Build a system this way, and you’ll create double the lines of code.

You can still test the twenty lines. You can use link substitution to support writing a fast unit test (see Creating a Test Double for rlog). Or you can write an integration test that generates a live call to the REST service. But both types of test will be larger, with more setup and verification in a single test (though, overall, the amount of initial test coding effort isn’t much different). The integration test will be slow and brittle.

The bulk of code in the world looks even worse than these twenty lines. Your code will look better, because you will seek cohesive, decoupled designs as you practice TDD. You’ll start to realize the benefit of a more flexible design. You’ll quickly discover how these better designs align with tests that are much smaller and easier to write, read, and maintain.

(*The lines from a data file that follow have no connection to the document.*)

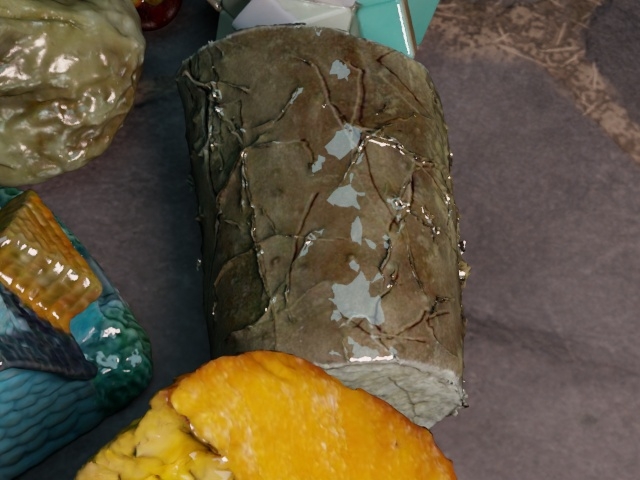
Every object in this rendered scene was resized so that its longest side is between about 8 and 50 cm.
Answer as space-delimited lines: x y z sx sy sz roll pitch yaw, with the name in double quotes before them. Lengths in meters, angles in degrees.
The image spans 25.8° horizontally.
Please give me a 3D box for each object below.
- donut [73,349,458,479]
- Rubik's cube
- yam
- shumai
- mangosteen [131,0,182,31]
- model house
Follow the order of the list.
"donut" -0.009 0.310 0.972 0.377 0.163 0.435 25 45 -39
"Rubik's cube" -0.012 -0.235 1.335 0.213 0.224 0.265 -23 61 -34
"yam" 0.000 0.000 1.194 0.241 0.241 0.348 -3 64 -6
"shumai" -0.279 -0.202 1.290 0.225 0.222 0.260 14 54 11
"mangosteen" -0.177 -0.253 1.408 0.081 0.081 0.081 2 60 -3
"model house" -0.286 0.029 1.146 0.226 0.241 0.261 -34 68 -19
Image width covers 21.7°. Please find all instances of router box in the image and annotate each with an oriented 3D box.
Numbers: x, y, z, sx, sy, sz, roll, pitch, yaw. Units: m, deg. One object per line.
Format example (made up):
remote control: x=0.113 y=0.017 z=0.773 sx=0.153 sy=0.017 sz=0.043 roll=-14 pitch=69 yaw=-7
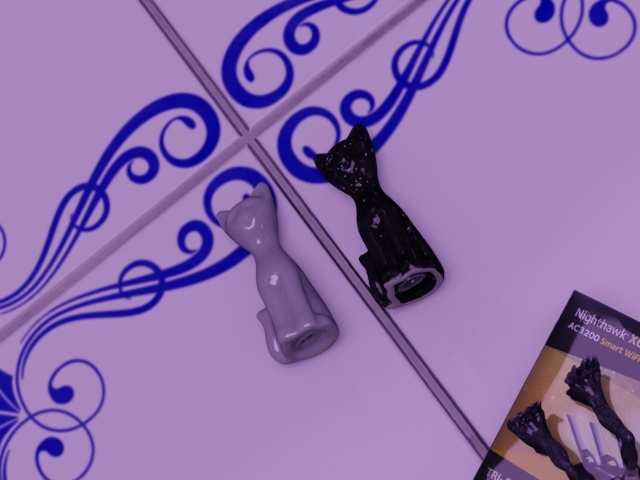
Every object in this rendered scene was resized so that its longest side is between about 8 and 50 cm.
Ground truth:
router box: x=0.341 y=0.228 z=1.701 sx=0.309 sy=0.081 sz=0.243 roll=27 pitch=86 yaw=19

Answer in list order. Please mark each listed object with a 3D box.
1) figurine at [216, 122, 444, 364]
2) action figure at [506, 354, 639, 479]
figurine: x=0.000 y=0.000 z=1.851 sx=0.215 sy=0.092 sz=0.209 roll=-29 pitch=64 yaw=9
action figure: x=0.291 y=0.256 z=1.594 sx=0.164 sy=0.141 sz=0.276 roll=-36 pitch=68 yaw=4
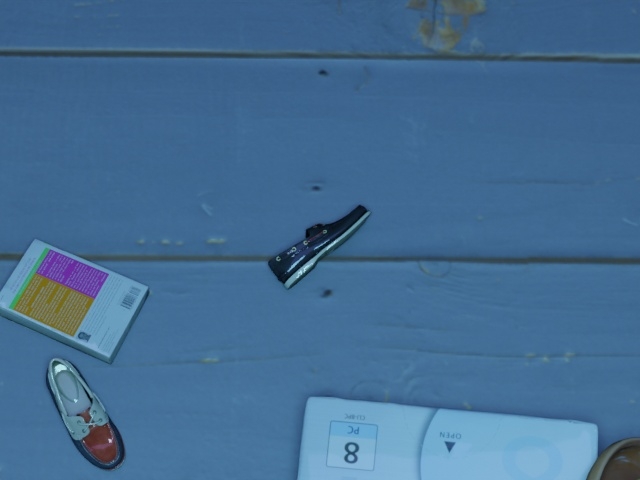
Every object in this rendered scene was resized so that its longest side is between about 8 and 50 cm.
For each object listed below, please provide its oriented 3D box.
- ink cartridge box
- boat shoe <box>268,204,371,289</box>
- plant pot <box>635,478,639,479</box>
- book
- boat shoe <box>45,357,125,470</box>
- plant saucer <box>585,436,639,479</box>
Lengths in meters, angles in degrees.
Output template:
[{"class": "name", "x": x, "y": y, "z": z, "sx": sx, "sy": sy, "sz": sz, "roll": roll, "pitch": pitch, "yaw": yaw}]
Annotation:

Shifting Private Dependencies

If you weren’t concerned about testing, the HTTP call in the PlaceDescriptionService could remain a private dependency, meaning that clients of PlaceDescriptionService would be oblivious to the existence of the HTTP call. When you use setter or constructor injection, however, clients take on the responsibility of creating Http objects and passing them in. You shift the dependency of PlaceDescriptionService to the client.

Developers can be concerned about the ramifications of this choice.

Q.:

Doesn’t setter or constructor injection violate the notion of information hiding?

A.:

From the stance of the client, yes. You can use an alternate form of dependency injection (see Getting Test Doubles in Place). The information you’re exposing is unlikely to cause future grief if someone takes advantage of it.

You also have the option of providing a default instance. We can configure PlaceDescriptionService to contain a CurlHttp instance that gets replaced when the test provides an HttpStub. The production client need not change.

Q.:

But what if a nefarious developer chooses to pass in a destructive Http instance?

A.:

Choose an alternate injection form if clients are outside your team. If you’re worried about developers within the team deliberately taking advantage of the injection point to do evil things, you have bigger problems.

Q.:

TDD is growing on me, but I’m concerned about changing how I design solely for purposes of testing. My teammates probably feel the same way.

A.:

Knowing that software works as expected is a great reason to change the way you design code. Have this conversation with your teammates: “I’m more concerned about whether the code works. Allowing this small concession means we can more easily test our code, and getting more tests in place can help us shape the design more easily and trust the code more. Can we rethink our standards?”